Noroviruses are divided into seven gene groups (from GI to GVII), including 30 genotypes. GI, GII and GIV are generally associated with human infections. In particular, considering the virus transmission, the GII.4 genotype is more commonly associated with transmission via direct person-to-person contact, while GI.3, GI.6, GI.7, GII.3, GII.6, and GII.12 are commonly transmitted via contaminated food products [164].
A sandwich-format electrochemical aptasensor using two recognition elements, i.e., Apt and specific peptide (HT), for HuNoV detection was recently reported [167]. In detail, the peptide was immobilized onto a GCE modified by Au NPs, via the Au–S coordination bond between Au and the thiol group of cysteine residues present in the peptide backbone. The aptamer was immobilized onto a magnetic nanocomposite Au@COF@Fe3O4, according to different steps.
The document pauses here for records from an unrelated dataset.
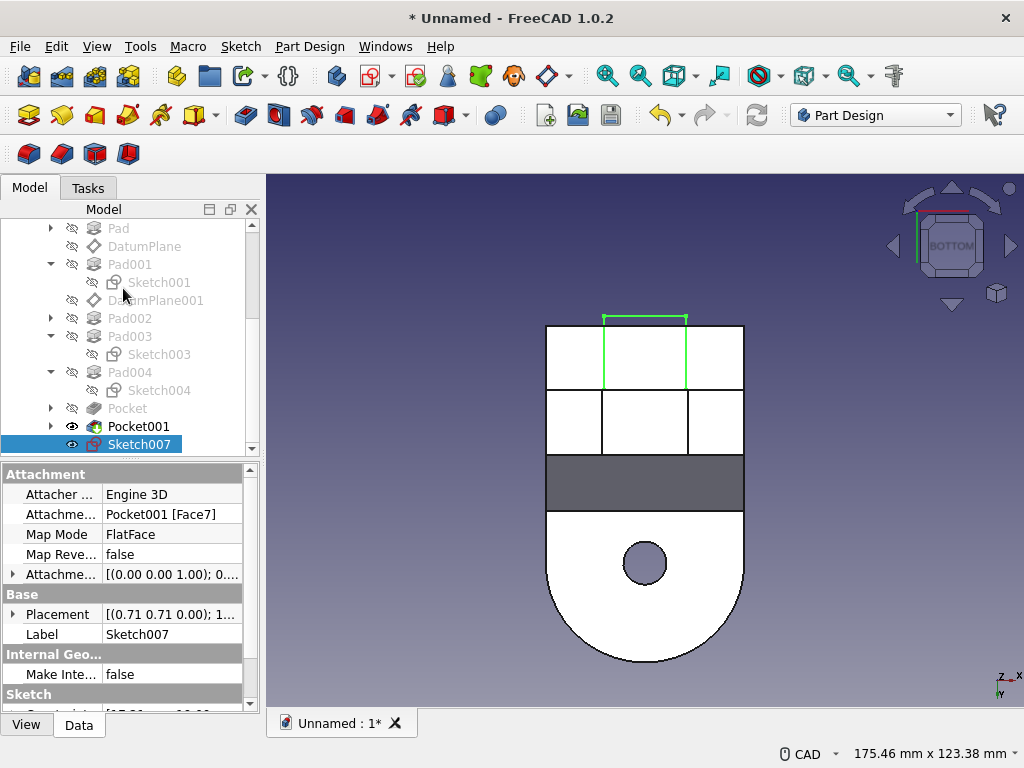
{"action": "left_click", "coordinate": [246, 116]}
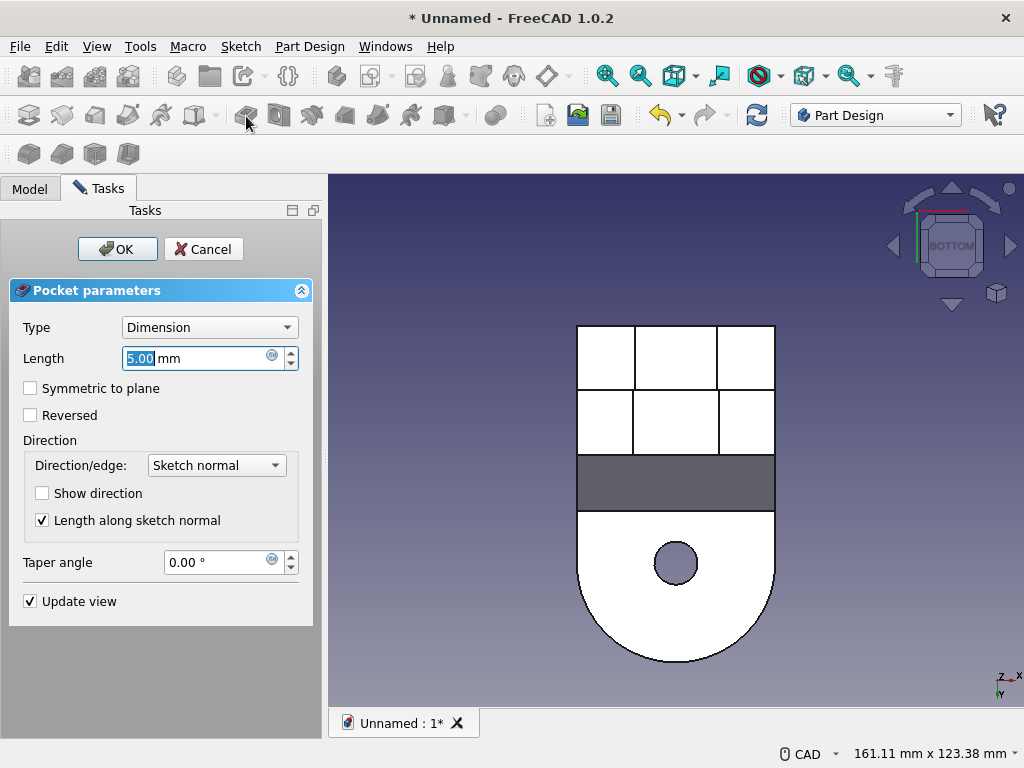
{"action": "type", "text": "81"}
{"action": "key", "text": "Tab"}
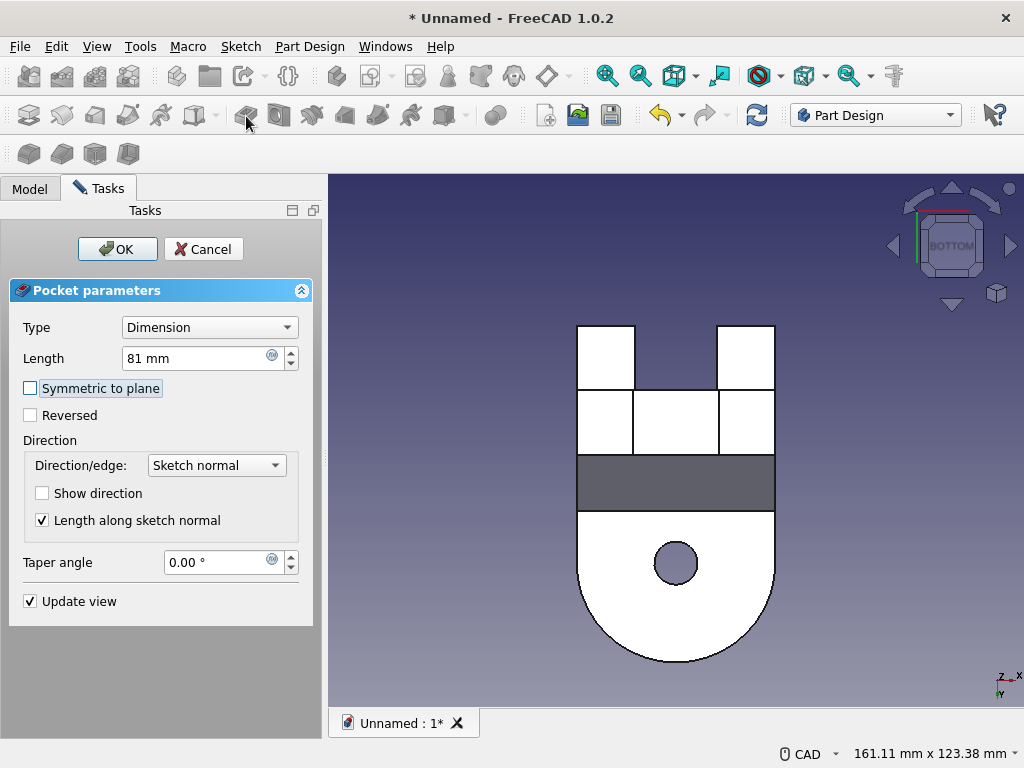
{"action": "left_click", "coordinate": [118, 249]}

Firstly, the magnetic nanocomposite Fe3O4@COF was synthesized following a previous procedure [168] involving Fe3O4 nanoclusters and 1,3,5-triformylphloroglucinol (Tp) and 2,6-diaminoanthraquinone (DA), as COF starting materials. Then, AuNPs were incorporated in Fe3O4@COF, producing Au@COF@Fe3O4. Next, a macrocyclic molecule, i.e., a cationic pillar such as water-soluble pillar[5]arene (WP5A), selected for improving MB as an electrochemical indicator, was immobilized on Au@COF@Fe3O4 producing WP5A@Au@COF@Fe3O4 nanocomposite. Finally, Apt was immobilized onto WP5A@Au@COF@Fe3O4 via thiol functionalized AuNPs, and MB was anchored on the nanocomposite via WP5, so finally, the following bioconjugated MB@Apt@WP5A@Au@COF@Fe3O4 as a signal probe, was created.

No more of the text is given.